Nigeria barred individuals and local non-financial firms from buying high-yielding central bank bonds as it tries to boost the economy by steering lending more widely.

The two types of investors are excluded from participating in auctions for open-market operations, which are short-term central bank securities, the Abuja-based regulator said in a letter to banks that was seen by Bloomberg.

“We don’t want to leave room for arbitrage,” central bank spokesman Isaac Okorafor said in a text message.
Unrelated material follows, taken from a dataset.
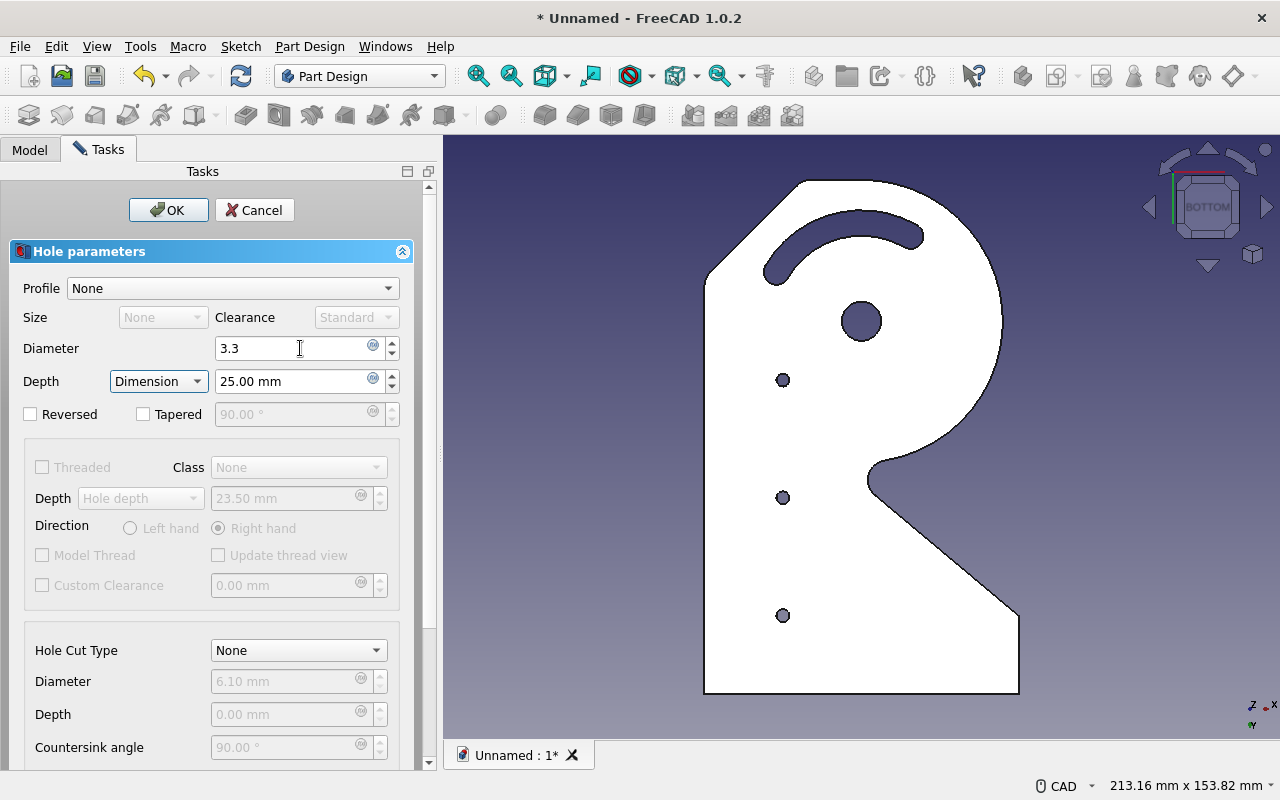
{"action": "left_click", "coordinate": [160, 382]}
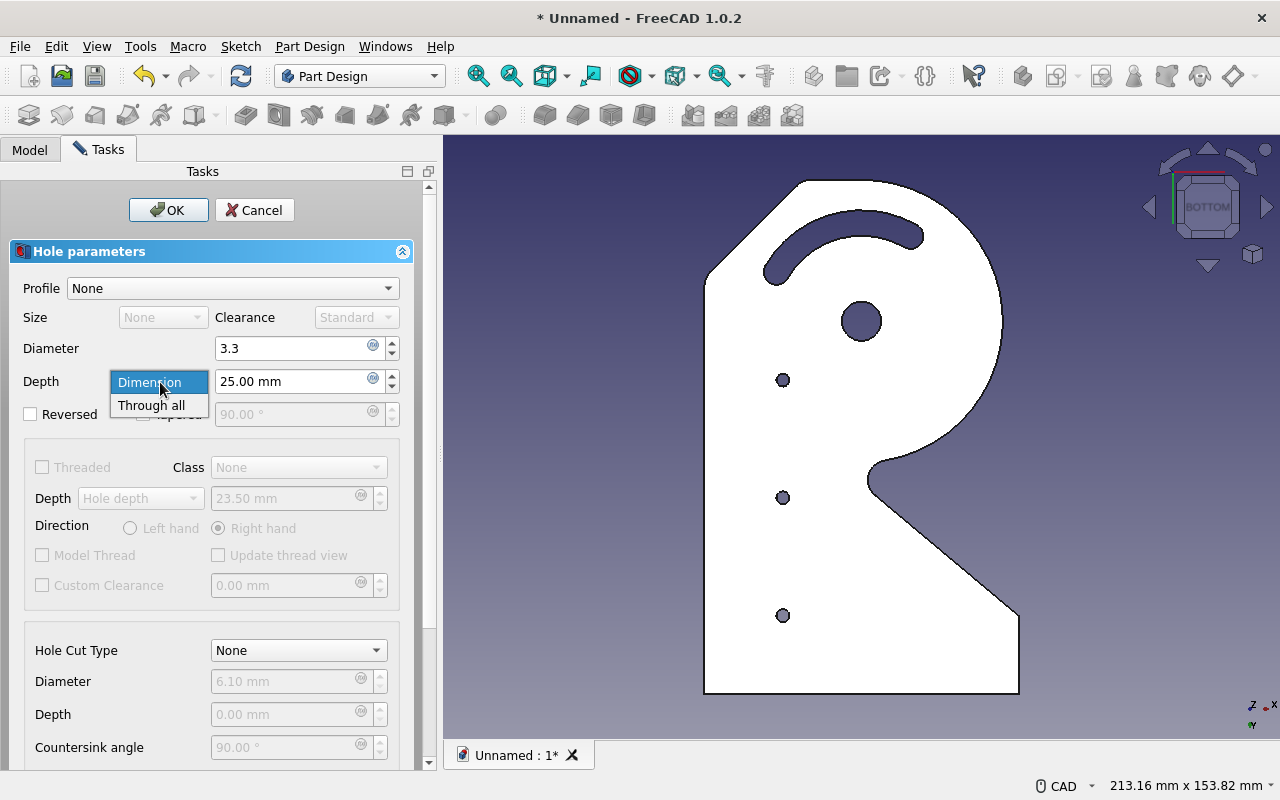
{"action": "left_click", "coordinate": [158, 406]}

It will discourage banks from giving loans to “speculators” who want to buy government securities instead of investing in the “real economy.”

The measures are in line with a wider policy to penalize banks that don’t boost lending, according to Okorafor.
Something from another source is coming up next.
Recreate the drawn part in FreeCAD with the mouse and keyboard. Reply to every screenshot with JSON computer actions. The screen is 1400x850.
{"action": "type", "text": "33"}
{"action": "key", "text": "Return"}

The ban’s impact may be limited because it does not extend to the secondary market or foreign portfolio investors.

“The central bank has been uncomfortable with the level of demand at the OMO auctions recently and clearly they’re trying to reduce it,” said Omotola Abimbola, an analyst with Lagos-based Chapel Hill Denham Securities Ltd. “But this measure won’t go that far because they still have access to the secondary market.”

OMOs, which typically have maturities of less than a year, were originally used by the central bank to control liquidity and mainly bought by local lenders. But they have been opened up to others in the past two years and have become the main instrument for foreign carry traders.

Global investors have been attracted to naira bonds by yields of around 15% and a stable currency, which have made the Nigerian carry trade one of the most lucrative in emerging markets this year.

Africa’s top oil producer is struggling to jump-start an economy that’s yet to fully recover from the 2014 crash in crude prices. Growth will probably be 2.3% this year, according to a Bloomberg survey of economists, one of the lowest levels on the continent.

The central bank’s sales of OMO bills ballooned to $2.4 billion last year from $600 million in 2016, according to a Citigroup Inc. It issued $1.4 billion in the first eight months of 2019, the Wall Street bank estimates.

There are around $40 billion of outstanding OMOs, roughly half of which are owned by foreigners, Simon Kitchen, a strategist at Cairo-based investment bank EFG Hermes, said in a note on Oct. 23.

“OMO liabilities have become a huge obligation on the central bank’s balance sheet,” Abimbola said.